The chart of the US 10-year Treasury Note yield shows a clear uptrend since the end of last year, with the yield also now trading above both the 50- and 200-day moving averages.
Source: StockCharts.com
The graph below shows the relatively flat yield curve (red line) immediately prior to the first rate cut in September 2007. As indicated by the black line, the yield curve has steepened dramatically since as monetary policy kept shorter maturities at low levels while longer maturities have been in a rising trend.
Source: StockCharts.com
A steeper yield curve typically heralds better tidings for economic growth, although concerns about massive issuance also come into play. The graph below shows the close relationship between the US GDP-weighted Purchasing Managers Index (PMI) and the US 10-year Treasury Note yield.
Source: Plexus Asset Management (based on data from I-Net Bridge)
This raises the question as to what the impact of the yield curve typically is on the stock market. The blue line in the chart below shows the US 10-year Treasury Note yield relative to the US 2-year Treasury Note yield. A rising blue line indicates a steepening yield curve, whereas a downward trend shows the opposite. A comparison with the S&P 500 Index highlights a broadly inverse relationship, i.e. stocks fall when the yield curve steepens and rise when the curve flattens.
Source: StockCharts.com
A key observation, however, is that the stock market usually bottoms prior to a peak in the yield curve, i.e. as confidence regarding an economic recovery gains ground and earnings prospects improve.

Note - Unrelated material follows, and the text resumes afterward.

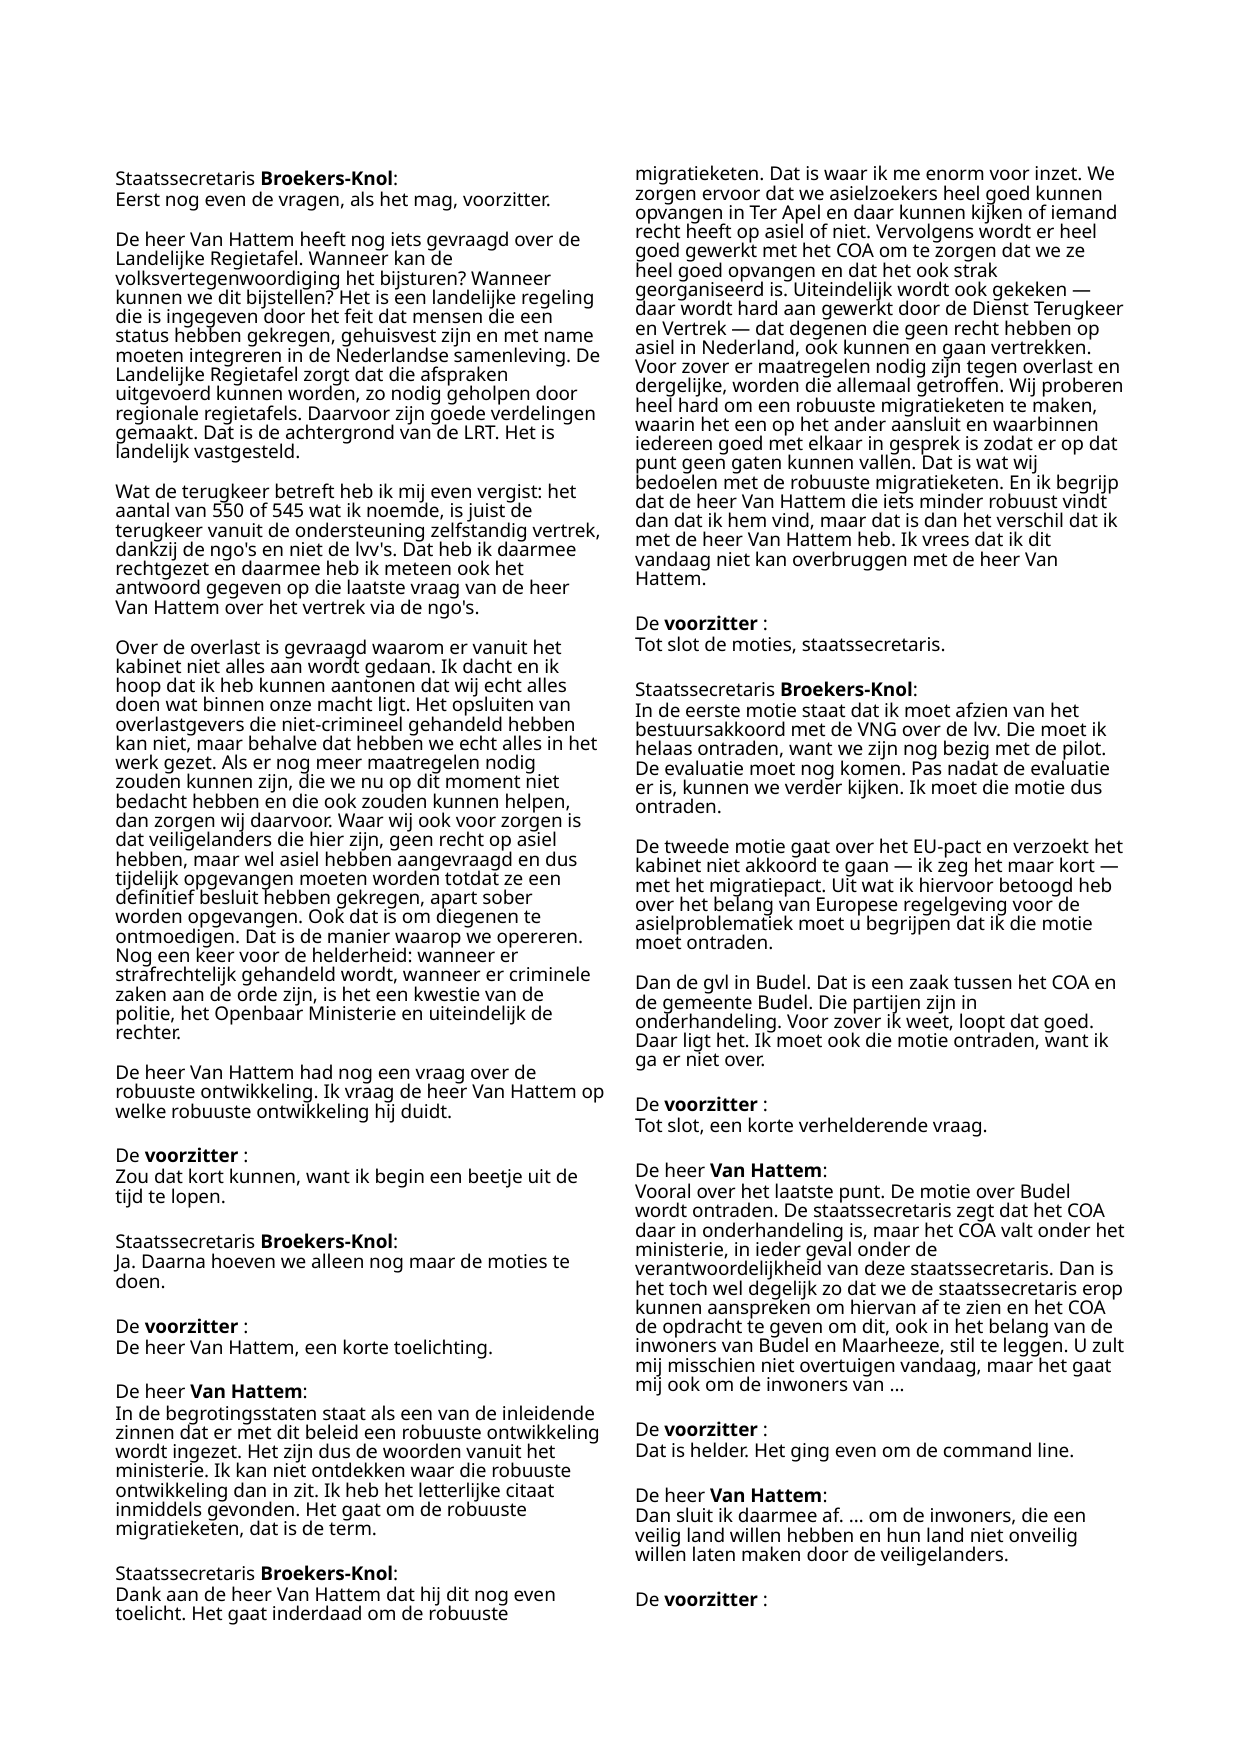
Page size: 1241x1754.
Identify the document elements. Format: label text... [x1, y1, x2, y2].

Importantly, the steepening of the yield curve comprises two phases: firstly, when both short- and long-term rates fall but short rates fall more than long rates as a result of poor economic conditions and, secondly, when long rates start discounting better economic prospects but short rates are still kept at low levels. The subsequent decline in the yield curve is when both short and long rates increase, but short rates rise faster than long rates. Share prices typically rise during the second phase of the steepening of the yield curve and the ensuing decline.

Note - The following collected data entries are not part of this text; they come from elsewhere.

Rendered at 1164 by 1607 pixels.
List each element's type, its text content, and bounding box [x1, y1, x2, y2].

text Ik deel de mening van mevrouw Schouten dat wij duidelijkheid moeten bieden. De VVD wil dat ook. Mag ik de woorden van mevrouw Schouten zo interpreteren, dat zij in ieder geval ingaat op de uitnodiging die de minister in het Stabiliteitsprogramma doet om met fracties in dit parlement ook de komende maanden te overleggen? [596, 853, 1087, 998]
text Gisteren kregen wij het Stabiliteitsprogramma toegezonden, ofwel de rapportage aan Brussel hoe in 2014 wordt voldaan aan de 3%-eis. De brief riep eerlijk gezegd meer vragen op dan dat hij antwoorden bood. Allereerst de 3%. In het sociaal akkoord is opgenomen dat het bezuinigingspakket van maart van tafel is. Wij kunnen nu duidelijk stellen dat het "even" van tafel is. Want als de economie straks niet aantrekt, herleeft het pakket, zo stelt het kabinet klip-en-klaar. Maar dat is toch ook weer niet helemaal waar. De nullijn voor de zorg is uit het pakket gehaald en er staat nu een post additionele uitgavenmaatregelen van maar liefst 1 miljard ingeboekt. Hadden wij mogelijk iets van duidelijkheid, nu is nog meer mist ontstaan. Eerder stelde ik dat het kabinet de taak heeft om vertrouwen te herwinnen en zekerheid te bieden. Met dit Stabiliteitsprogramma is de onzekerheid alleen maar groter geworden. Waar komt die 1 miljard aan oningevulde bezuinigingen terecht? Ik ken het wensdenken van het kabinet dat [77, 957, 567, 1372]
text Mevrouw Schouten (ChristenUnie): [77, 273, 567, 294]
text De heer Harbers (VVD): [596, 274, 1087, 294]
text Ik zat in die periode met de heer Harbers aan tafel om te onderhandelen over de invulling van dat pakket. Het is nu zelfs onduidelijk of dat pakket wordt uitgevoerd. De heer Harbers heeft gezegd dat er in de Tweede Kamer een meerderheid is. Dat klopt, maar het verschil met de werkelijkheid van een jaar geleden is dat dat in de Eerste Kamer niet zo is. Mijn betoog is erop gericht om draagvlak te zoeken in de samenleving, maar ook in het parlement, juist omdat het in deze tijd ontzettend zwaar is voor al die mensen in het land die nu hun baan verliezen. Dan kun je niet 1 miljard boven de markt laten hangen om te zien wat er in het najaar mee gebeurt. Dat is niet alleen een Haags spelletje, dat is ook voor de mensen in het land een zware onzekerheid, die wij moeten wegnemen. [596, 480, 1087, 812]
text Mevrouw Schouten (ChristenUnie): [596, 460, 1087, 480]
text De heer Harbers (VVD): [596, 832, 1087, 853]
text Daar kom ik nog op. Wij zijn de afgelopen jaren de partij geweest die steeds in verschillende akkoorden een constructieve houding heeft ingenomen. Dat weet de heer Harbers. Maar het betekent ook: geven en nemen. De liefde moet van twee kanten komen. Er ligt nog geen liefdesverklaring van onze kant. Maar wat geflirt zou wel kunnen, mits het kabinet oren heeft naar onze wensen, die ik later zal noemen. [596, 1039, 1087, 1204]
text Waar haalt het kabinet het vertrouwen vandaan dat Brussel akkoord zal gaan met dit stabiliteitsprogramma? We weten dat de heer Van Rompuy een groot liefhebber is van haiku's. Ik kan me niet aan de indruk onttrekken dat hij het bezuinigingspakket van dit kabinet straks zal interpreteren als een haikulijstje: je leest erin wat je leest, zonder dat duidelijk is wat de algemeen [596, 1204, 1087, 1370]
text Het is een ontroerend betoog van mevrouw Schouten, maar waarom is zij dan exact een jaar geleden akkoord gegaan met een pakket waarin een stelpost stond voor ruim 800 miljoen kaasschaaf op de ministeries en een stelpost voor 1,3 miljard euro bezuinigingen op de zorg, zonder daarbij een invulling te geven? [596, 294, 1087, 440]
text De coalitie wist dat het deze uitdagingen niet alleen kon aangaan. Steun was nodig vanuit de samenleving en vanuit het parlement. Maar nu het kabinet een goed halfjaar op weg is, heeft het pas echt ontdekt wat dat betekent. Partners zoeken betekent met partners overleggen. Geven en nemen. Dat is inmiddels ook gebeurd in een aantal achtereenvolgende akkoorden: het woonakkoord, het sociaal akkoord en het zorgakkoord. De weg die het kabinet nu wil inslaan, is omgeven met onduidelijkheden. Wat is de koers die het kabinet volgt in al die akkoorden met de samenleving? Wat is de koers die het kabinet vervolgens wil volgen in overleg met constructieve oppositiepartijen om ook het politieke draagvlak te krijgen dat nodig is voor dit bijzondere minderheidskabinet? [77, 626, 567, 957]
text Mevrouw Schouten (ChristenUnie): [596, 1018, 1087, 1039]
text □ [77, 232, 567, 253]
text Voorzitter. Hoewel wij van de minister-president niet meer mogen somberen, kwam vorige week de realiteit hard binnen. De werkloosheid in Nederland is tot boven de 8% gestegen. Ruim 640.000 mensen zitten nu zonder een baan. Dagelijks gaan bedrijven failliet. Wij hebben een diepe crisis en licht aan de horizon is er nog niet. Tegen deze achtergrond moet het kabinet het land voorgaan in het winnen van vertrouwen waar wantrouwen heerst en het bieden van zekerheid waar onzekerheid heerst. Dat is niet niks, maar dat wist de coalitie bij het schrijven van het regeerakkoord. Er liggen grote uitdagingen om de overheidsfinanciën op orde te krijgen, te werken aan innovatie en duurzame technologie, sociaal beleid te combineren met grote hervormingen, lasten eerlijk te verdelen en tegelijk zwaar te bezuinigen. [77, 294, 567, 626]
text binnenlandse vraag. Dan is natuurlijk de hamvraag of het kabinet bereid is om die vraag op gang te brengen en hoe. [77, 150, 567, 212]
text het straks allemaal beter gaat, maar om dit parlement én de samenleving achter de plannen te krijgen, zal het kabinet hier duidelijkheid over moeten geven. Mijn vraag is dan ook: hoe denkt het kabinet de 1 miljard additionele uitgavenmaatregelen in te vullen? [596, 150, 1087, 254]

The above analysis is merely one cog of the wheel, but seems to support the argument that US stocks are in all likelihood in a broad bottoming-out phase. As said before, investors will now focus on the second-quarter earnings reports as a test of whether stock prices bear resemblance to fundamental reality. In the meantime, a cautious approach is warranted but that should not preclude one from finding stocks that look cheap.

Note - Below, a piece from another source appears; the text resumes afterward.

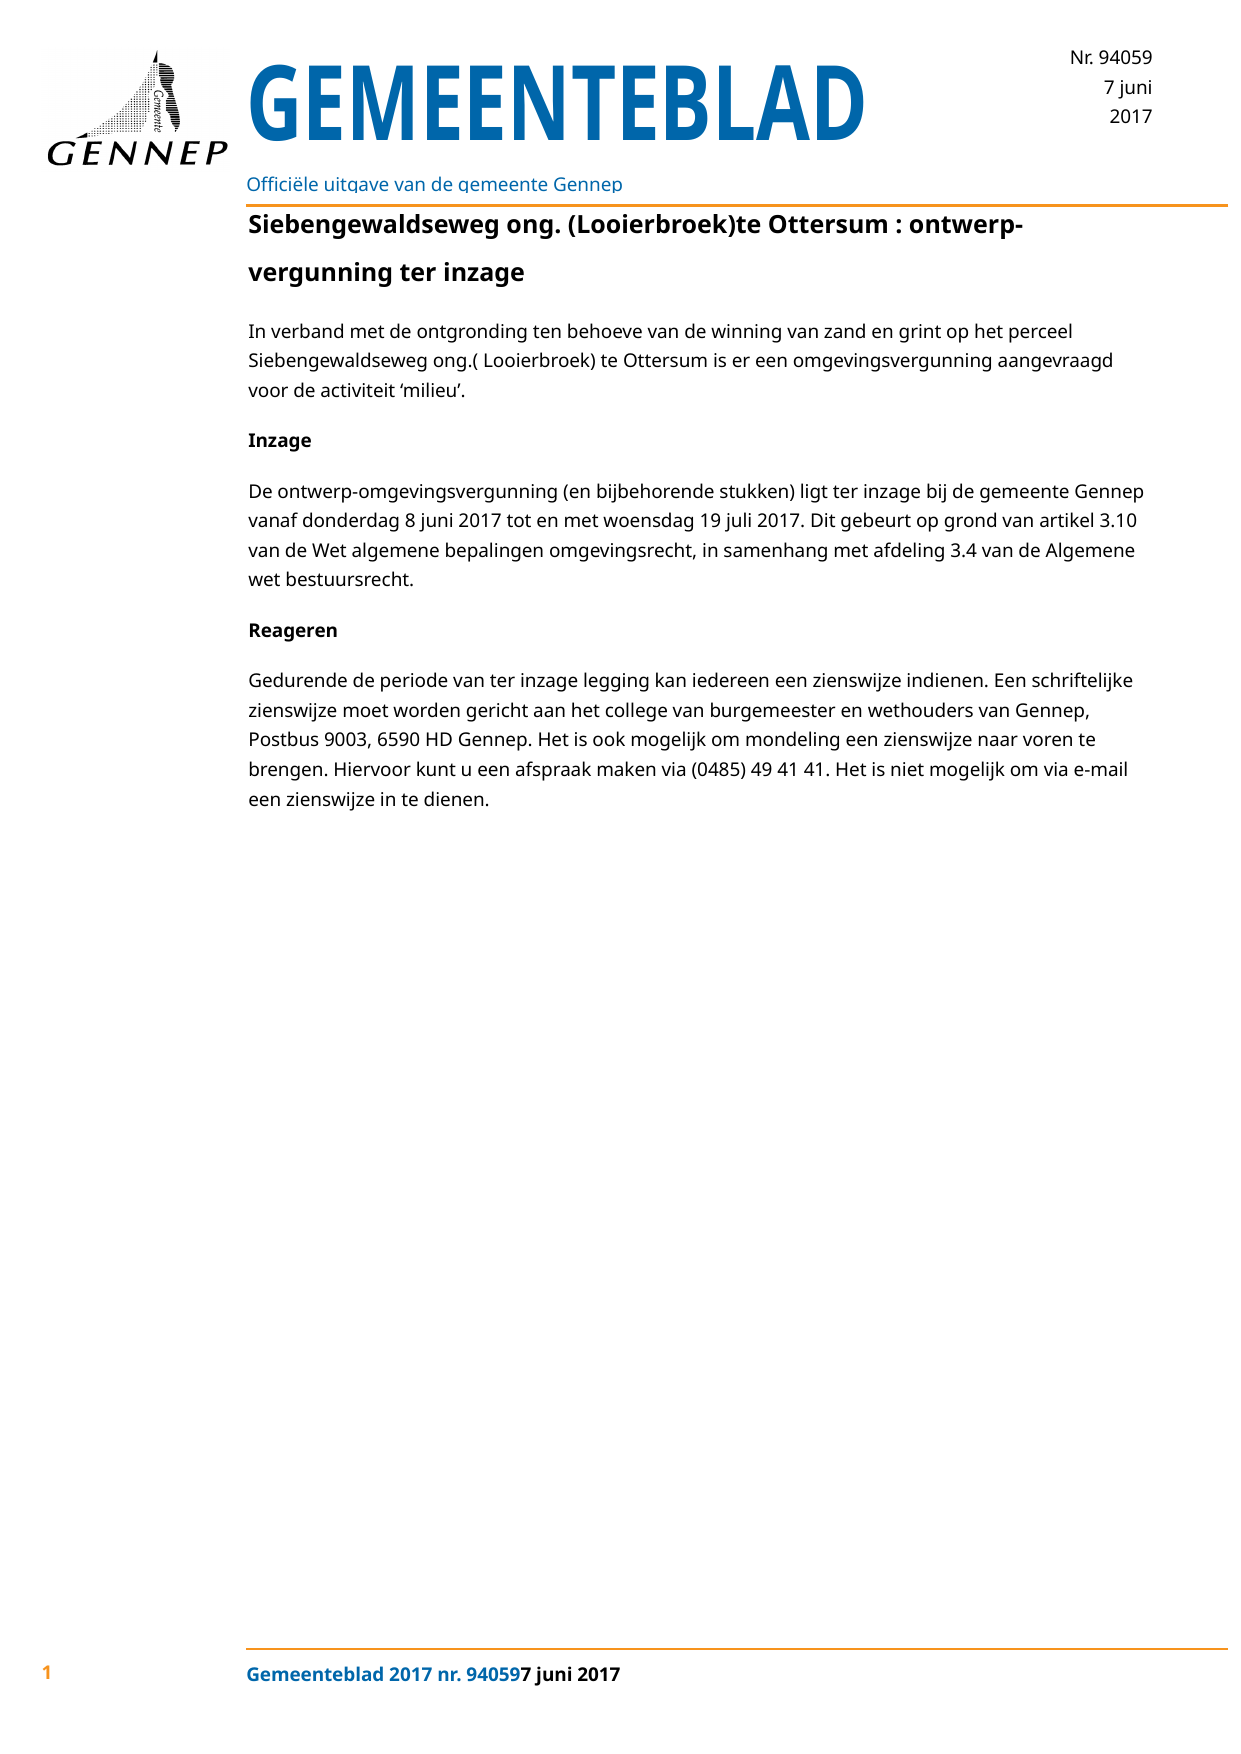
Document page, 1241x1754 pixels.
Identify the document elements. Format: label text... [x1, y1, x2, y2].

Dr. Prieur du Plessis is an investment professional with 26 years' experience in investment research and portfolio management. More than 1,200 of his articles on investment-related topics have been published in various regular newspaper, journal and Internet columns, including his blog, Investment Postcards from Cape Town. He has also published a book, Financial Basics: Investment. Prieur is Chairman and principal shareholder of South African-based Plexus Asset Management, which he founded in 1995. The group conducts investment management, investment consulting, private equity and real estate activities in South Africa and a number of foreign countries. He also serves as Honorary Consul of Slovenia for South Africa, actively developing economic, cultural and scientific relations between Slovenia and South Africa. Prieur is 54 years old and live with his wife, television producer and presenter Isabel Verwey, and two children in Cape Town, South Africa. His leisure activities include long-distance running, traveling, reading, motor-cycling and scripophily. Read more from the author/contributor here.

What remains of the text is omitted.